Updated: Oct 6, 2023

It's always fascinating when you find a truly relatable article. I'm not 100% sure if this is the same Samantha Brennan, but there is a professor at the University of Guelph with the same name. Since this piece was published in 1985 and they both attended the University of Dalhousie, I think it's quite possible that she is the author. (According to her academic profile, Professor Brennan graduated from the University of Dalhouse in 1888 with a honours degree in Philosophy).

Samantha speaks for a student named Susan and other readers who feel the pressure of studies and being away from home. Refreshingly, Samatha realizes that if women are enjoying them then perhaps critics need to re-examine romance novels in a new light, especially Harlequin books. She notes the stigma that readers, especially ones with promising careers, can sometimes feel when admitting they read romance. I deeply appreciated how she quotes a professor arguing that women are drawn to the nurturing aspects of romance and that it's not always the seduction of the hero or heroine that they're looking for. Notably, the professor (Professor Angela Miles at St. Francis Xavier University, now at the University of Toronto) is one of the rare scholars to examine Harlequin positively as critics often examine romance purely for the scholarly credit and not for their own interest for reading it.
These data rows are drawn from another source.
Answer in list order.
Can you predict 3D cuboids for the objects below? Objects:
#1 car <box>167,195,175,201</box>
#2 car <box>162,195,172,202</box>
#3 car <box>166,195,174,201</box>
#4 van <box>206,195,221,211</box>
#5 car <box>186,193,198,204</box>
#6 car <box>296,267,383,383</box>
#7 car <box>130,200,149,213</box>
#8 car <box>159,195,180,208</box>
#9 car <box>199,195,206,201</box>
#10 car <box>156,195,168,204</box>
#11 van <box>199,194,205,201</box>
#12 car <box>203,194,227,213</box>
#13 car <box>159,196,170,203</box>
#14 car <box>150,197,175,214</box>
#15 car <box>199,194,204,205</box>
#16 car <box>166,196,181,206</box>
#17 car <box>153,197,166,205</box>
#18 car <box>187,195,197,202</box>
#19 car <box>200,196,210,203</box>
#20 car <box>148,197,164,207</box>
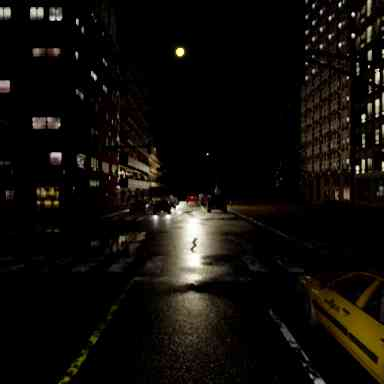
[{"bbox_3d":[-5.697,1.603,91.661,1.887,1.381,4.507,0,0,0],"label":"car"},{"bbox_3d":[-5.697,1.473,75.082,1.967,1.590,4.097,0,0,0],"label":"car"},{"bbox_3d":[-5.697,1.574,85.965,1.752,1.417,4.829,0,0,0],"label":"car"},{"bbox_3d":[2.684,1.339,41.922,1.690,1.788,3.998,0,0,0],"label":"van"},{"bbox_3d":[-0.003,1.242,65.202,2.150,2.045,5.566,0,0,0],"label":"car"},{"bbox_3d":[2.686,1.523,4.153,1.752,1.417,4.829,0,0,0],"label":"car"},{"bbox_3d":[-5.694,1.546,36.396,2.008,1.369,4.403,0,0,0],"label":"car"},{"bbox_3d":[-3.090,1.548,45.432,2.033,1.411,5.357,0,0,0],"label":"car"},{"bbox_3d":[2.683,1.574,86.305,1.752,1.417,4.829,0,0,0],"label":"car"},{"bbox_3d":[-5.697,1.459,64.029,1.967,1.590,4.097,0,0,0],"label":"car"},{"bbox_3d":[2.682,1.399,91.661,1.690,1.788,3.998,0,0,0],"label":"van"},{"bbox_3d":[2.684,1.310,36.396,2.192,1.841,5.009,0,0,0],"label":"car"},{"bbox_3d":[-5.696,1.608,69.556,1.802,1.307,4.206,0,0,0],"label":"car"},{"bbox_3d":[-3.123,1.543,35.304,2.033,1.411,5.357,0,0,-4],"label":"car"},{"bbox_3d":[2.683,1.327,58.502,2.192,1.841,5.009,0,0,0],"label":"car"},{"bbox_3d":[-3.048,1.501,55.625,2.128,1.511,4.902,0,0,0],"label":"car"},{"bbox_3d":[-5.696,1.557,58.501,1.887,1.381,4.507,0,0,0],"label":"car"},{"bbox_3d":[-0.002,1.487,75.589,2.033,1.411,5.357,0,0,0],"label":"car"},{"bbox_3d":[2.684,1.570,69.556,1.887,1.381,4.507,0,0,0],"label":"car"},{"bbox_3d":[-5.696,1.557,52.975,2.008,1.369,4.403,0,0,0],"label":"car"}]
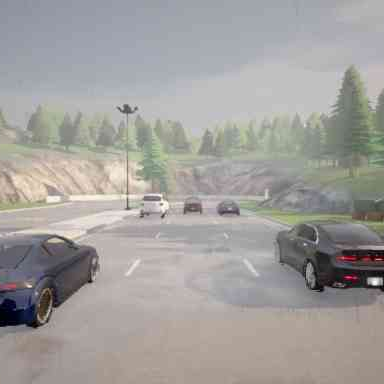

Miles argues that women have the right to "fantasiz[e] about love, never doing housework, and seeing exotic places." (Of course, I would state that women have the right to daydream the exact opposite and I have a feeling that Miles would agree). Furthermore, romance gives a safe place for readers to explore topics and emotions that society does not yet have a lot of safe space for. Since readers might be going through difficult relationships and personal situations, these books can provide an area for them to explore topics they might not be ready to face full on.

One thing I will note, that since the article was written romance has definitely changed and explored challenging topics. One author who was interviewed believed that the love story had to be a "nice world" where health problems and war didn't exist. Somewhere in France by Jennifer Robson focuses on war and the mother in the Royals Next Door by Karina Halle has mental health concerns. Brennan ends with while they are "an escapist fantasy," there are worse addictions out there than being a convicted Harlequin addict.